1400 Jahre Lehmgeschichte im Alten Mainzer Dom 

Handgefertigte Bodenfliesen für die älteste und bedeutendste Kathedrale nördlich der Alpen

Die gesamte christliche Welt rund um den Globus hielt den Atem an, als am Morgen des 6. Juni 2019 im „Alten Dom“ die sterblichen Überreste Erkanbalds, des Erzbischofs von Mainz, entdeckt wurden – fast 1000 Jahre nach seinem Tod.

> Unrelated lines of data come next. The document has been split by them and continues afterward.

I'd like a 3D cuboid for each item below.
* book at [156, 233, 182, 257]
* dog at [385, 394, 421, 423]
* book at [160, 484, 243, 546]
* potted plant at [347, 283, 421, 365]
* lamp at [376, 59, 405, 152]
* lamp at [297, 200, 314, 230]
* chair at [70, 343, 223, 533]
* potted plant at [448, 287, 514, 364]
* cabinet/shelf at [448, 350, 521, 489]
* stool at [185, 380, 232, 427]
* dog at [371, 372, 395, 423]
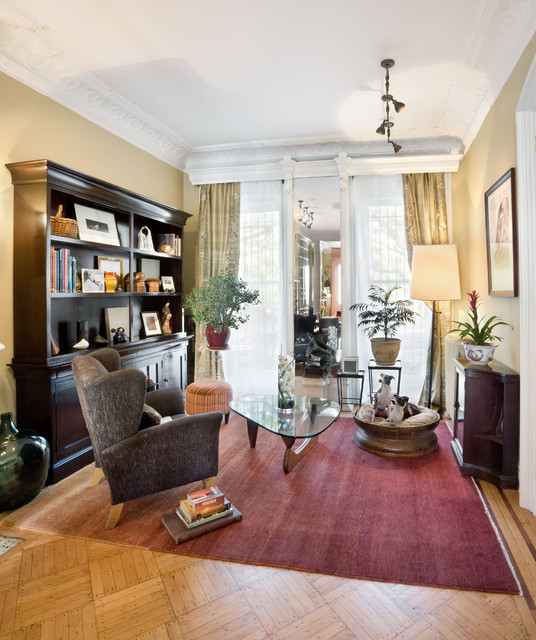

Eher zufällig war ein Restauratoren-Team auf dem historischen Fußboden des Doms in acht Metern Tiefe auf den Sarkophag mit dem Leichnam des bedeutenden Kirchenfürsten gestoßen.

Öffnung des Sarkophags des Mainzer Erzbischofs Erkanbald – 1000 Jahre nach seinem Tod im Jahr 1021.

In einem aufwändigen Prozess unter Beteiligung Dutzender von Mediävisten, Theologen, Archäologen, Anthropologen und eines ganzen Röntgenteams konnte schließlich die Textilrestauratorin zweifelsfrei das Ende einer viele Jahrhunderte andauernden, ermüdenden Suche bestätigen: Erkanbald war genau dort zur letzten Ruhe gebettet worden, wo es die Wissenschaft seit langem schon vermutet hatte.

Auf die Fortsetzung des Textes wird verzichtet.